Friday, August 05, 2005

Too little too late, says Opposition

Bruzon unimpressed with Govt housing announcement • problem is the result of “ years of GSD neglect”

The GSLP/Liberal Opposition have expressed criticism following the Gibraltar Government’s announcement of the Waterport Terrace development, while disputing that the project can be called an affordable housing scheme.

Speaking to the Chronicle yesterday Opposition spokesman for Housing Charles Bruzon said “the announcement made by the Government yesterday is too little too late.”

Mr Bruzon accused the GSD (Gibraltar Social Democrats) Government of having created “a housing problem in Gibraltar through their years of neglect and inactivity in delivering low-cost housing.”

He also argues that the price structure for Waterport Terraces is going “to provide scant consolation” to people who have waited nine years “for an affordable home.”

Mr Bruzon said:

“The Government has at long last awarded the tender for the housing project known as Waterport Terraces.

This is what they promised to do in the November 2003 election before April 2004 when work on the site was scheduled to commence.

It has taken them 16 months longer than they promised and it follows previous unfulfilled promises to provide housing.

Government is on record as having said that the reason why they held back from building these homes earlier was to allow house prices to rise. This has proved to be a seriously misguided policy. It has had the effect of driving people who cannot afford to live in Gibraltar to go and live in Spain.

It is also inexcusable that at the same time as there has been no construction of low cost homes, plots of land all over Gibraltar have been made available to developers for luxury housing for the high end of the market.

New low-cost housing stock should be fed into the market, not to manipulate the market price, but in order to meet the needs of those who cannot afford to buy at the going rate.

The delay in getting such projects off the ground has meant that those who could not afford to buy their own homes in Gibraltar have grown in numbers.

The prices at which Waterport Terraces are going to be sold are much too high for first time buyers who want to get on the property ladder or for those who have opted to buy a home in Spain. Indeed, the prices are not all that much below the resale prices being paid in respect of existing estates covered by previous home ownership schemes. It is doubtful whether there will be enough people who can afford to purchase all these homes on a 100% basis.

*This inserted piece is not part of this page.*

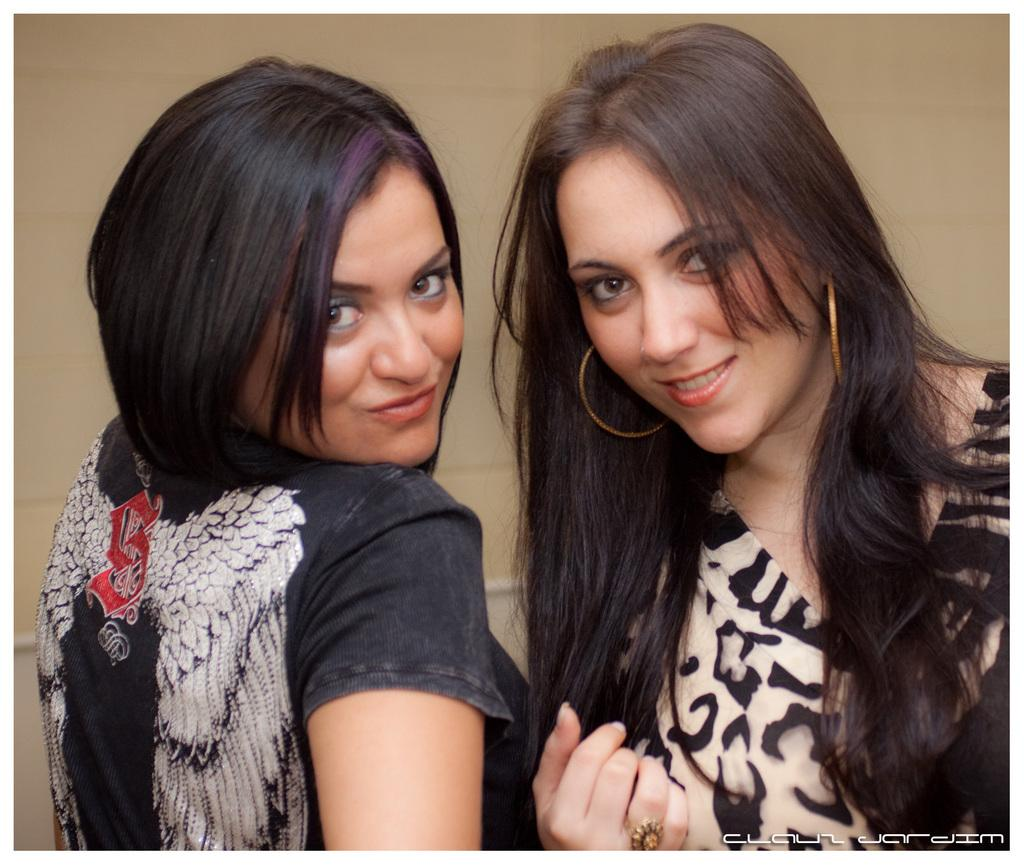How many women are in the image? There are two women in the image. What are the women wearing? The women are wearing dresses. What expression do the women have? The women are smiling. What can be seen in the background of the image? There is a wall in the background of the image. What type of train can be seen passing by in the image? There is no train present in the image. What color is the chance in the image? The term "chance" does not refer to a specific object or color, and there is no such element in the image. 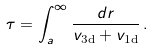Convert formula to latex. <formula><loc_0><loc_0><loc_500><loc_500>\tau = \int _ { a } ^ { \infty } \frac { d r } { v _ { \text {3d} } + v _ { \text {1d} } } \, .</formula>

The reason for the high prices stems directly from the manner in which Government have chosen to subsidise the project. The word “subsidy” is itself a misleading term. All that the Government have done is put out the construction of the project to tender and provided the land for free. This is not a real subsidy.

Every single home ownership project before this one has also been carried out with the land supplied for free by the Government. The flats are not affordable by the criteria of previous home ownership schemes if the prices that have been published are adjusted for inflation or the increase in average earnings since then. In these earlier developments, not only were prices at a lower ratio to earnings but in addition to this all the properties were available on a 50/50 basis.”